* _Stored data_
-- Opening Marker --

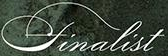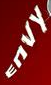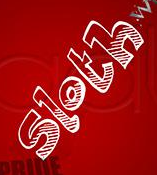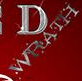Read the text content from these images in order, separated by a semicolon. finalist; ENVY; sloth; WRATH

-- Closing Marker --
-- Opening Marker --

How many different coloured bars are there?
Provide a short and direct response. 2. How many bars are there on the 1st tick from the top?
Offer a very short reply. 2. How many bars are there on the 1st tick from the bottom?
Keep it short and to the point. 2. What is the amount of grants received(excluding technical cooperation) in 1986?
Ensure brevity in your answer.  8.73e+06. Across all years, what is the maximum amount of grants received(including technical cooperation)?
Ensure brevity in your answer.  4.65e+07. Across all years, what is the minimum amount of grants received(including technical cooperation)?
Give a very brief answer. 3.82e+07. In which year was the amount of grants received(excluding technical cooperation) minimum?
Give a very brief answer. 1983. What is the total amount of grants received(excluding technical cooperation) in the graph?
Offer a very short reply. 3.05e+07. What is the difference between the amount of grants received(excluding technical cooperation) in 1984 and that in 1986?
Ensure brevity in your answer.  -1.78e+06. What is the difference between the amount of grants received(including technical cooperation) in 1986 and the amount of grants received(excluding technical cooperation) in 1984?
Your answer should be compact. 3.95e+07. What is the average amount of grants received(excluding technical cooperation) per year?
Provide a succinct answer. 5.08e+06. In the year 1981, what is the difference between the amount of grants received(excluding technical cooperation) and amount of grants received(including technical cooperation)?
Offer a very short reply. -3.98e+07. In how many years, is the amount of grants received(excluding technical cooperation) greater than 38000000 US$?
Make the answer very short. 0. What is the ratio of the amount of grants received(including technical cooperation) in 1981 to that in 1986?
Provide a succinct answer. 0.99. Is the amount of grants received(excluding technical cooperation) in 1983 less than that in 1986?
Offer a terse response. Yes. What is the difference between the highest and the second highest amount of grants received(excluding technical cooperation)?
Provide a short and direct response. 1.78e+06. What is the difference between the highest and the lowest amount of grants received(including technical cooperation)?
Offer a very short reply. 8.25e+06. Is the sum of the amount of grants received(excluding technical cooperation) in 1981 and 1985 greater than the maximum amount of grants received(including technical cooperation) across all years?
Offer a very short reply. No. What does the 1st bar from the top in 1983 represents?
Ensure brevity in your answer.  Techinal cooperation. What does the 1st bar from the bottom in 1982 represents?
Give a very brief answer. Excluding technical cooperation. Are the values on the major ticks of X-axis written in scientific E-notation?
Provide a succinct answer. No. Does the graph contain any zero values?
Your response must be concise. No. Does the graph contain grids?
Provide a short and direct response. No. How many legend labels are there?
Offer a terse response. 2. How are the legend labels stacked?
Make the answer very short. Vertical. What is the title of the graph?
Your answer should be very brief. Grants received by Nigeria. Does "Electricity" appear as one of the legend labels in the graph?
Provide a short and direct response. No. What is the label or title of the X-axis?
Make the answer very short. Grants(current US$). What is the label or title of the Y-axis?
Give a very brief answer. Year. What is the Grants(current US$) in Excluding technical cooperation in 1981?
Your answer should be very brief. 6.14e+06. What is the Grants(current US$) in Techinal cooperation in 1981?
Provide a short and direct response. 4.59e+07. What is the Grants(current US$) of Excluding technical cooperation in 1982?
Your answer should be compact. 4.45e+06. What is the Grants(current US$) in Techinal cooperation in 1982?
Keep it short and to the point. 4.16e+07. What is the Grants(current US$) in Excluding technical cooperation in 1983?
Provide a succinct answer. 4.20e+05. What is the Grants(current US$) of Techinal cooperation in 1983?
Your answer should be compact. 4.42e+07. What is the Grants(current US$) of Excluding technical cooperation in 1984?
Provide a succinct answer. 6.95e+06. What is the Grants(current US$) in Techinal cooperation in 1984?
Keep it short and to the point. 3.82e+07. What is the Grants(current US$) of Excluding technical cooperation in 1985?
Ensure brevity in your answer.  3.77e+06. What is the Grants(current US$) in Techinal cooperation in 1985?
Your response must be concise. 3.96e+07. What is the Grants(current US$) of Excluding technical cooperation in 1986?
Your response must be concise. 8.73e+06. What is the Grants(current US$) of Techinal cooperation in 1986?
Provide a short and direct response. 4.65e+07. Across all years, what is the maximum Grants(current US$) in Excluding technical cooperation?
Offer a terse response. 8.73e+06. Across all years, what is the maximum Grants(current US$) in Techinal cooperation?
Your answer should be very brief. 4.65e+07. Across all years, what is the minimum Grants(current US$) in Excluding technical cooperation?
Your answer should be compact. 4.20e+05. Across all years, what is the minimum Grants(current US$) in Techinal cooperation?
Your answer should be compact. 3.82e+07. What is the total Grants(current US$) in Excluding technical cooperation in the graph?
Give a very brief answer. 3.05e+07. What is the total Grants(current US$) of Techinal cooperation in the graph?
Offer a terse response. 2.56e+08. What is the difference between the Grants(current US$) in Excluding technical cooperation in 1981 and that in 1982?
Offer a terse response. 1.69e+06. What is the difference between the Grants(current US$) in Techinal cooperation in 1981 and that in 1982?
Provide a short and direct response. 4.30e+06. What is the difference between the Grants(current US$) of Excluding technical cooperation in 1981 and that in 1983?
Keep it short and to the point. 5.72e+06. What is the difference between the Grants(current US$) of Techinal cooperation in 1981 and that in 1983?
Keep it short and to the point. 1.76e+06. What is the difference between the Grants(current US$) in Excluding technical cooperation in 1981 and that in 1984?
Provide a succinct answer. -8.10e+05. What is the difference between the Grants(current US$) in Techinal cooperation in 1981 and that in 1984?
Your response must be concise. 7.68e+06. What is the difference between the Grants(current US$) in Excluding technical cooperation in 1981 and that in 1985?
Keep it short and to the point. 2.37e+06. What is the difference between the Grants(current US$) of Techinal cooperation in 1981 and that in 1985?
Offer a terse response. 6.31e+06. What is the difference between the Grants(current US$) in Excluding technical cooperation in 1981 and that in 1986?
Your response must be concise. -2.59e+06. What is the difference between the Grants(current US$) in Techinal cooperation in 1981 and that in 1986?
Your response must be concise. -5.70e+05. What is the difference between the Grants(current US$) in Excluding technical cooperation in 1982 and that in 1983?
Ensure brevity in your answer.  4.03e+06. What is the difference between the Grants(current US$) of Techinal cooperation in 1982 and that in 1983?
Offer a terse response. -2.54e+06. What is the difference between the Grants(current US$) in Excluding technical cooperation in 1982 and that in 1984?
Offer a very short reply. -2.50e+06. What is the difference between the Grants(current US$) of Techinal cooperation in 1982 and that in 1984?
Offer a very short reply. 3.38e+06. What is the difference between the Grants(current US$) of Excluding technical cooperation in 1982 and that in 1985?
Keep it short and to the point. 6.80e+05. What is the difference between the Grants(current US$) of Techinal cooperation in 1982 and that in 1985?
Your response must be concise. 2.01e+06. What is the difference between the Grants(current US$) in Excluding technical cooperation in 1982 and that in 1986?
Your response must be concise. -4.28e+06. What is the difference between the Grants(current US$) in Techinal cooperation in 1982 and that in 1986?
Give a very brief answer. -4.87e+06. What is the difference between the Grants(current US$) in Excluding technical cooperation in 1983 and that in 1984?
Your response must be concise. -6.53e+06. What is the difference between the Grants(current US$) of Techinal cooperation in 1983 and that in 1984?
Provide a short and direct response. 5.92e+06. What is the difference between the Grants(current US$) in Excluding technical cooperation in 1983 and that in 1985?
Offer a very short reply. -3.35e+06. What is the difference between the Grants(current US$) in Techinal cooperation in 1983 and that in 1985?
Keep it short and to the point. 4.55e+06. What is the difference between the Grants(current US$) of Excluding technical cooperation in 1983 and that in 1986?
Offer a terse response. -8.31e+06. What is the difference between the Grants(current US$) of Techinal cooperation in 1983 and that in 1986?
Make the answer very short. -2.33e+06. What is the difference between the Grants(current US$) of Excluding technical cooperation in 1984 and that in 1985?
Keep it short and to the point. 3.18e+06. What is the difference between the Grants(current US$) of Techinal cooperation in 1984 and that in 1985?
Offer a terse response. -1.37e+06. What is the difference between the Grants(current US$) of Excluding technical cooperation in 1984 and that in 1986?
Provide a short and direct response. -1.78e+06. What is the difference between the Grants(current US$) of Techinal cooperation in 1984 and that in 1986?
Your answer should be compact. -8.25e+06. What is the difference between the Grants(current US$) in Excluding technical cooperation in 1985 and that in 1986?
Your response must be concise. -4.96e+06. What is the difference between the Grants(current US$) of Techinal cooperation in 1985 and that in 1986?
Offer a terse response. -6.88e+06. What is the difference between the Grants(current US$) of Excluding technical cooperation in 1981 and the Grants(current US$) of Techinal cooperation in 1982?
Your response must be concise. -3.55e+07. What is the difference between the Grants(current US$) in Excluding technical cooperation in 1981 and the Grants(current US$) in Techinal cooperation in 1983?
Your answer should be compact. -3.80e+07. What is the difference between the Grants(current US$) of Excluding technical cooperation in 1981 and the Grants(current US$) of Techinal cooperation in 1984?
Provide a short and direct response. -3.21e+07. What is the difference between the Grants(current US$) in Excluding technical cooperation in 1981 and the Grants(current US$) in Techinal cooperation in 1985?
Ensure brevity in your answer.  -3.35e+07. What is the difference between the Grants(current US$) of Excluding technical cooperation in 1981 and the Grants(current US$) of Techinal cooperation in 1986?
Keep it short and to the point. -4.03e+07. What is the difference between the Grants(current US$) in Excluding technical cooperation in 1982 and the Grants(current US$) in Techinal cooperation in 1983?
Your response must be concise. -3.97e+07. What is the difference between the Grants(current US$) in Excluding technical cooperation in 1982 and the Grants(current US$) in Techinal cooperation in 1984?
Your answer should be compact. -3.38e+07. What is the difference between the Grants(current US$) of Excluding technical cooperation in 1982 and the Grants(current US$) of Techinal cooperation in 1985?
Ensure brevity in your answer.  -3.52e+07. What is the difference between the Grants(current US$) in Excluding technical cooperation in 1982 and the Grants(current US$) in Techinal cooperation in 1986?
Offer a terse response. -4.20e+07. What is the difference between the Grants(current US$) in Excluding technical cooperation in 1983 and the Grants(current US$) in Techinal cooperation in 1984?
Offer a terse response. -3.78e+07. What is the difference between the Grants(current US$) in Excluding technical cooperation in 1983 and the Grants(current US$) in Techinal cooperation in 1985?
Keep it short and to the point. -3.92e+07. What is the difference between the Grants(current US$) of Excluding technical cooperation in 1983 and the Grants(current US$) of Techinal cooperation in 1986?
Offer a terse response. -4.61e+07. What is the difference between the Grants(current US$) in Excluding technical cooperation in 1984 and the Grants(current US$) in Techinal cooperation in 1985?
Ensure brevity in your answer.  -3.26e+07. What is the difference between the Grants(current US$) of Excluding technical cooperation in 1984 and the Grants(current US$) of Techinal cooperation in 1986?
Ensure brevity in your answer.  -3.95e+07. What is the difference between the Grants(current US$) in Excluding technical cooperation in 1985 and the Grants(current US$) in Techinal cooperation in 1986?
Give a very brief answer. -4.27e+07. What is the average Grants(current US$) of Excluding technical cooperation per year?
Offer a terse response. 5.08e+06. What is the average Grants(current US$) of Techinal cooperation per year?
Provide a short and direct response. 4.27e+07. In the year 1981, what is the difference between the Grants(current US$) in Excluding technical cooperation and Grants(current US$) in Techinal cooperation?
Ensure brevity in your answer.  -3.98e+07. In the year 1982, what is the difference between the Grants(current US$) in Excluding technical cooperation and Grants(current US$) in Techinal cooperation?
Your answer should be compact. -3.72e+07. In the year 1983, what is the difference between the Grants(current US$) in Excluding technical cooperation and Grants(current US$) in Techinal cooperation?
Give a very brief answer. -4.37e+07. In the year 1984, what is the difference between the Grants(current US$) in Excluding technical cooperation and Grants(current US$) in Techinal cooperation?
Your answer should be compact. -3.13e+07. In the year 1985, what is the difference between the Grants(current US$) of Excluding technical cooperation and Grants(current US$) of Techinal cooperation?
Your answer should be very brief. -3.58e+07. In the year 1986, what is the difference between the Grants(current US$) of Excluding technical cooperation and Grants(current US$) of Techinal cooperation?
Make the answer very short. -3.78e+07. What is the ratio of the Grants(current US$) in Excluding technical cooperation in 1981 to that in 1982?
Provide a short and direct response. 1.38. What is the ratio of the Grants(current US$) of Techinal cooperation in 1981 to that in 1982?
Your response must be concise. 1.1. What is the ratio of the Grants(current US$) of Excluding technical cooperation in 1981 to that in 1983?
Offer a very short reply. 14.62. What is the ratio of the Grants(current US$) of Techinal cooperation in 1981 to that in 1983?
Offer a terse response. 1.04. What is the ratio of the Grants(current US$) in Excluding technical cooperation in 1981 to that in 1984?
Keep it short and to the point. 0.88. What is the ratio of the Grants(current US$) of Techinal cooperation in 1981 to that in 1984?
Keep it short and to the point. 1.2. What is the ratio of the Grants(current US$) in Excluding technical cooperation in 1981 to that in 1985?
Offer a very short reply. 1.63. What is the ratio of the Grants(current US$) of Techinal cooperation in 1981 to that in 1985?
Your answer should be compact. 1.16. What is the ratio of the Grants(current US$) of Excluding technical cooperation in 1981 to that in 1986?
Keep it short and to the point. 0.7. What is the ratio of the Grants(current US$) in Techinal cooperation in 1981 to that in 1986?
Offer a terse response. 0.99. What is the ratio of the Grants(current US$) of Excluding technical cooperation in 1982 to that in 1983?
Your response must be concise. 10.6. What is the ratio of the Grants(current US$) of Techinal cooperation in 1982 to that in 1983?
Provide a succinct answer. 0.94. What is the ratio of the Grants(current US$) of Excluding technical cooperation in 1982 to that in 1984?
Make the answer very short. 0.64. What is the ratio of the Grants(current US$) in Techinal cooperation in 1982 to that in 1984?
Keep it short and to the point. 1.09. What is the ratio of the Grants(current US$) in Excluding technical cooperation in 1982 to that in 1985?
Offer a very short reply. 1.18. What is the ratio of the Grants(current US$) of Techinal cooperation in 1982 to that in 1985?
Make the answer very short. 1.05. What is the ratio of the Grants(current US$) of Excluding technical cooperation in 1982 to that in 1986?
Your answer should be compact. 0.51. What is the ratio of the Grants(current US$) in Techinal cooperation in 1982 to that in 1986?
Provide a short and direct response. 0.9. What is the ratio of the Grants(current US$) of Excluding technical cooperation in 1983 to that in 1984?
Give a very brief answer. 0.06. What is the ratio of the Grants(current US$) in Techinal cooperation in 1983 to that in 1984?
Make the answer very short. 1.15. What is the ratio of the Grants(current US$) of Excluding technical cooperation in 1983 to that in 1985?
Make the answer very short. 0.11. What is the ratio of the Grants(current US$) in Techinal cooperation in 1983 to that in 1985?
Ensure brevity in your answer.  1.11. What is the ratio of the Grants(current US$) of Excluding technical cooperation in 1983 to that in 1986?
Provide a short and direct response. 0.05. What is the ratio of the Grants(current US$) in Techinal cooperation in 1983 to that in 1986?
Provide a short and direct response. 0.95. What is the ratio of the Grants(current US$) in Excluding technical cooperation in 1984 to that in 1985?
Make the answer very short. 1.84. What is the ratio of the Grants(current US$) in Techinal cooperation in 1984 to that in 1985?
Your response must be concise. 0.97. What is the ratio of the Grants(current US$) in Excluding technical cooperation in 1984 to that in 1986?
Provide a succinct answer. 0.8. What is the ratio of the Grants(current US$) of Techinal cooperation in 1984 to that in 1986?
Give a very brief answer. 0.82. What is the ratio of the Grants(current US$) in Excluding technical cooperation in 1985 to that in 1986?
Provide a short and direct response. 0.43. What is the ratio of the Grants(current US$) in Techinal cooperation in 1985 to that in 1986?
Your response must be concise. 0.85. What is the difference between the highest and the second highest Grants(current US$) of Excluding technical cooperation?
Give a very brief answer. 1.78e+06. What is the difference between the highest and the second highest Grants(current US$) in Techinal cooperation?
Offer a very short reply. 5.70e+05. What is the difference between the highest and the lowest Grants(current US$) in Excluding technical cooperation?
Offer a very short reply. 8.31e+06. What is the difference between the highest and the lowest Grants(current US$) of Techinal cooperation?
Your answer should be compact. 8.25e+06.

-- Closing Marker --

* _What is expected_
In the listing above, locate the line with "Offer a very short reply. 3.38e+06." and the line with "Keep it short and to the point. 6.80e+05.", then extract exactly those lines and every line between them, and nothing more.

* _Final answer_
Offer a very short reply. 3.38e+06. What is the difference between the Grants(current US$) of Excluding technical cooperation in 1982 and that in 1985?
Keep it short and to the point. 6.80e+05. What is the difference between the Grants(current US$) of Techinal cooperation in 1982 and that in 1985?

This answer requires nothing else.